Эпическая линейность и разрыв наррации
Как и в психиатрическом базовом нарративе, в романе о вырождении биологическая граница между нормой и патологией составляет центральную семантическую границу, а именно «трещину» (f?lure) в наследственности пораженной семьи. В семейном эпосе Золя функция трещины приписывается нервному расстройству Аделаиды Фук, «прародительницы» Ругон-Маккаров[152]. Вместе с тем эта начальная точка дегенерации представляет собой явную нарративную установку, так как с точки зрения науки о наследственности совершенно не очевидно, что «тетя Дида» должна считаться носительницей первого патологического отклонения в семье: еще «ее отец умер в сумасшедшем доме»[153]. Золя не пытается скрыть это противоречие, а скорее отрицает дискретность семьи, моделируя «начало без начала», «становление и гибель под знаком вечного возвращения дикого бытия»[154] жизни, нарративное обуздание которого, перенятое у науки, предстает во всей своей противоречивости[155].
Этой нарративной установкой обусловлена структурная необходимость в романе о вырождении аналептического повествования, знакомящего с отправной точкой семейной патологии в интра- или додиегетической форме. Как и в психиатрических историях болезней, «трещина» выступает протособытием, запускающим распространение болезненных отклонений и создающим фиктивный мир, где уже невозможно повторное пересечение границы между нормой и патологией. Поскольку действие романа о вырождении разворачивается согласно детерминистской схеме накопления патологий и прогрессирующей дегенерации, возможность изменения состояния героя-дегенерата оказывается под сомнением. «Перемещение персонажа через границу семантического поля», «значимое уклонение от нормы»[156], в котором Ю. Лотман усматривает суть нарративного события, в тексте о вырождении возможно лишь с оговорками. Прогрессирующее развитие фиктивного мира подразумевает здесь не какие-либо событийные превращения, а лишь постоянное подтверждение биологического порядка вещей.
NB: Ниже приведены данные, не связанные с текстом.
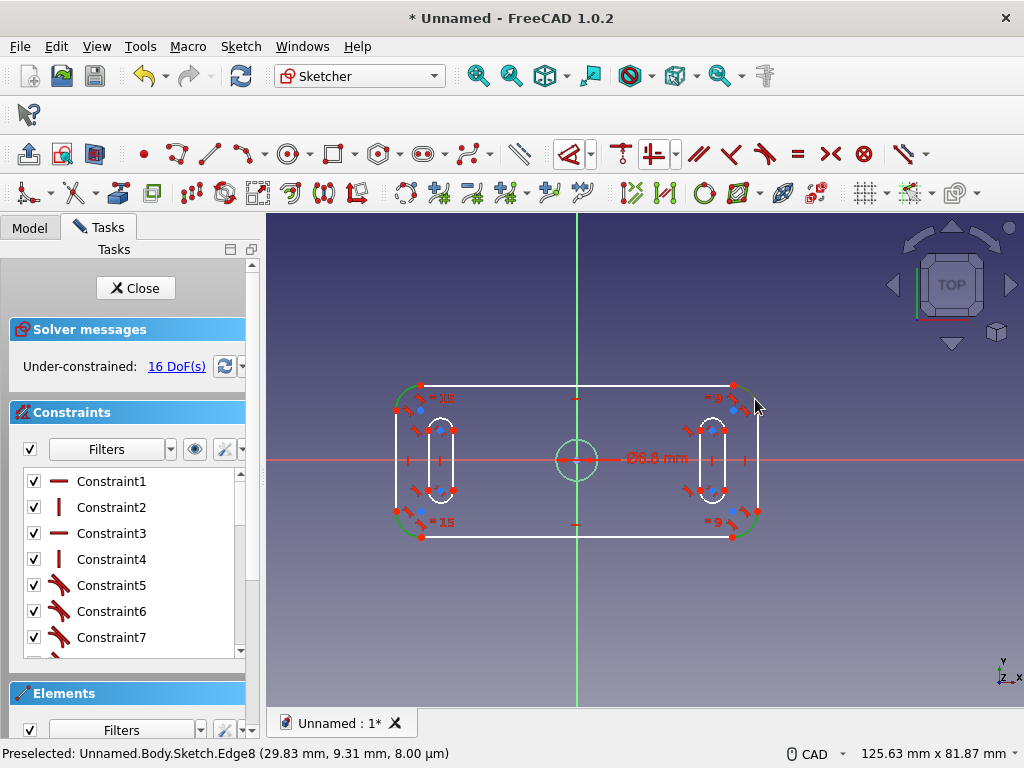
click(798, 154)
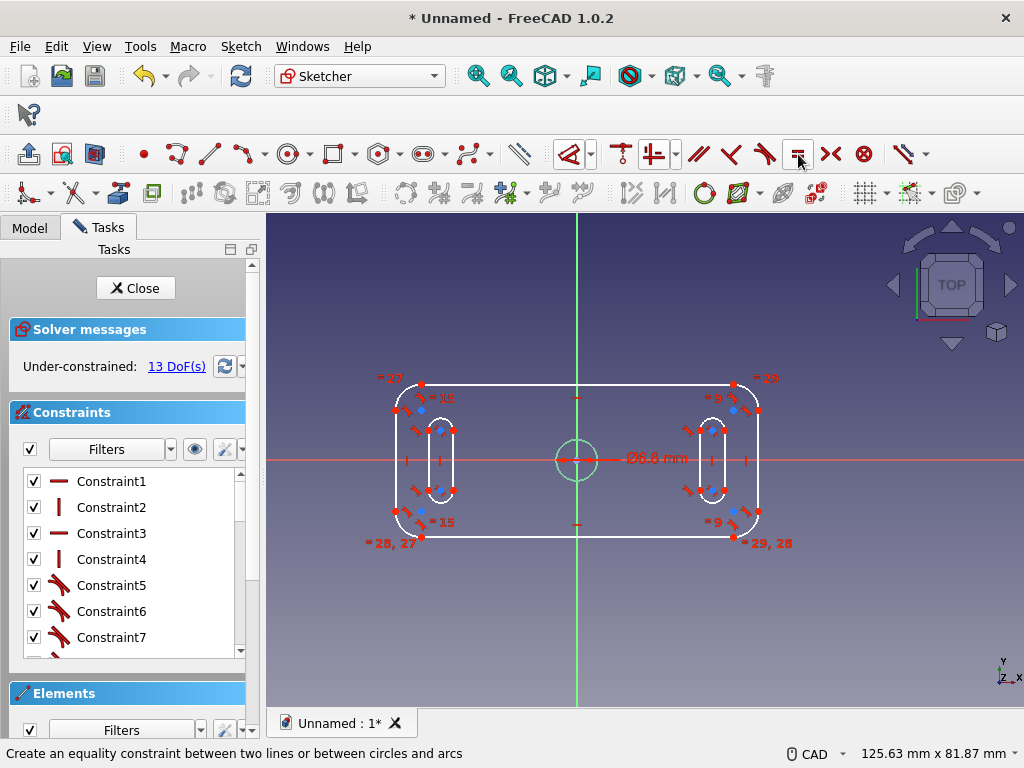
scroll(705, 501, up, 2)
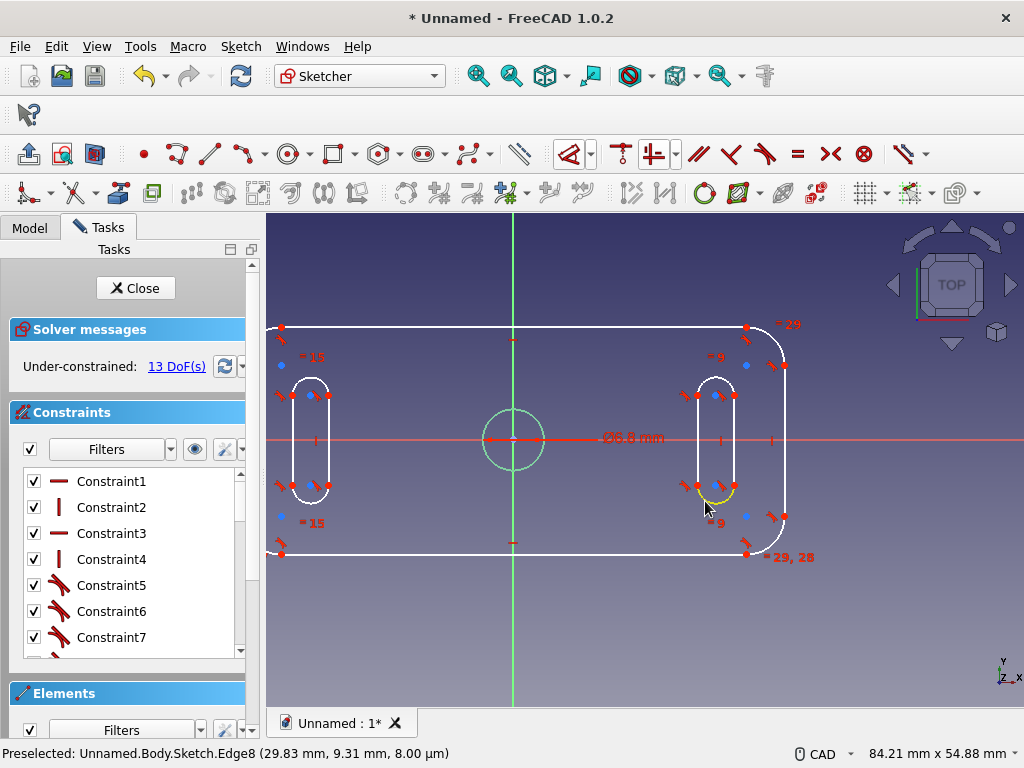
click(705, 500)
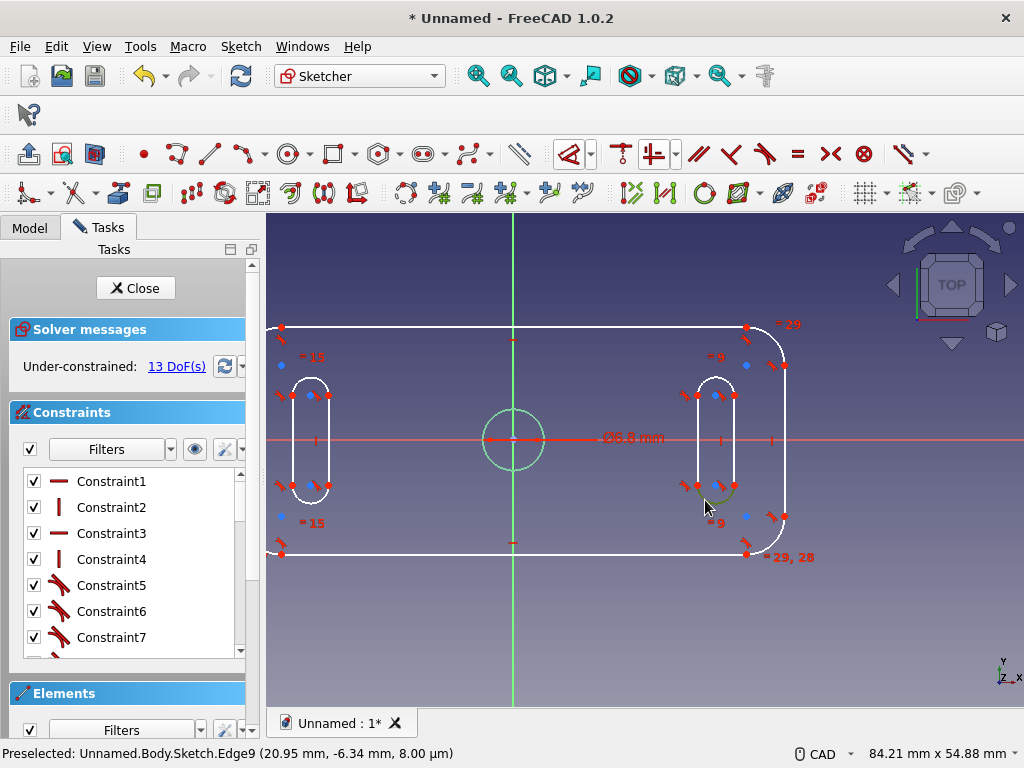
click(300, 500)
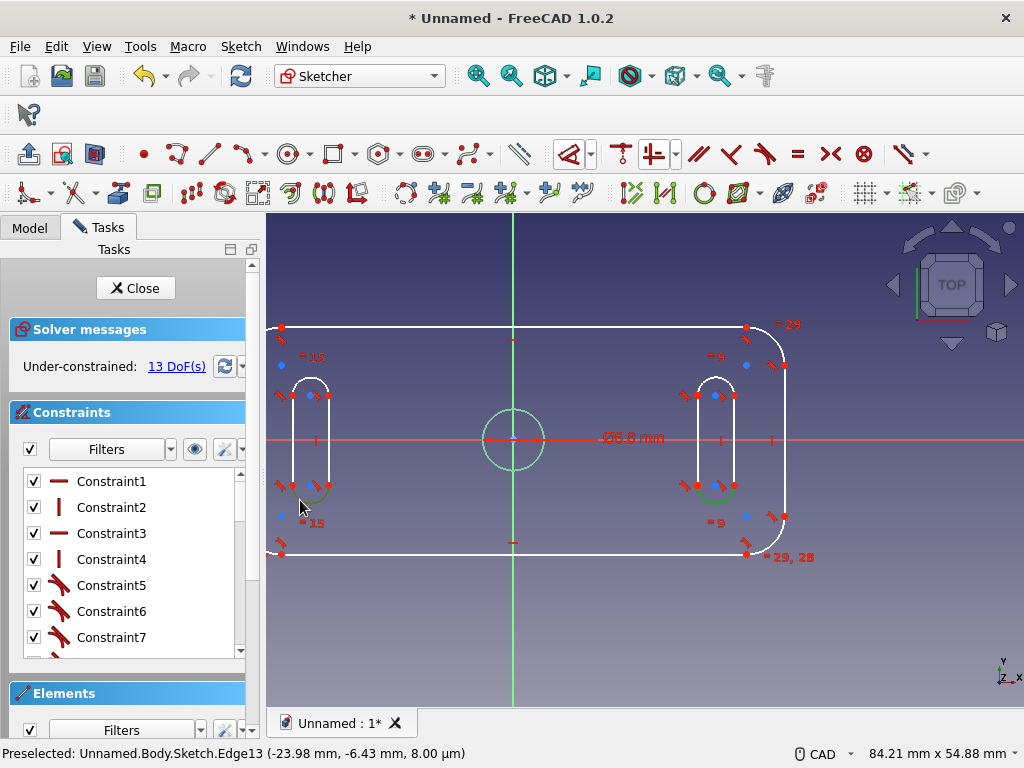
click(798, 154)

Порядок этот нередко отражается в дихотомической, антагонистической системе персонажей, в рамках которой вырождающимся, слабовольным героям противопоставлены здоровые и деятельные; тем самым оппозиция нормы и патологии приобретает наглядный характер[157].
Поэтому сюжетосложение многих романов о вырождении заключается в парадигматическом нанизывании все более тяжких патологических рецидивов, утрачивающих событийность по мере прогрессирования дегенерации[158]. Подобный бессобытийный застой приводит к разрыву нарративной ткани. Отрицательный телеологизм нередко влечет за собой все большее снижение «способности быть рассказанным» (Erz?hlbarkeit), так как каждый новый эпизод растянутой на несколько поколений истории упадка предстает, невзирая на изображение тех или иных событий, повторением одного и того же сюжетного образца. По мере неумолимого развития вырождения фиктивный мир все больше застывает в фаталистической неизменности, о которой можно поведать все меньше и меньше. Этот тип романа о вырождении отказывается от острого сюжетного драматизма в пользу «поэтики повтора»[159], которая описывает жизнь как однообразное, банальное повторение одного и того же, подчеркивая тем самым ее неизменность и предсказуемость. Такова, в частности, структура романов «Западня» («L’Assomoir», 1877) Золя, «Дряхлеющий век» («Haabl?se Sl?gter», 1880/1884) Германа Банга и «Семья Малаволья» («I Malavoglia», 1881) Джованни Верги[160].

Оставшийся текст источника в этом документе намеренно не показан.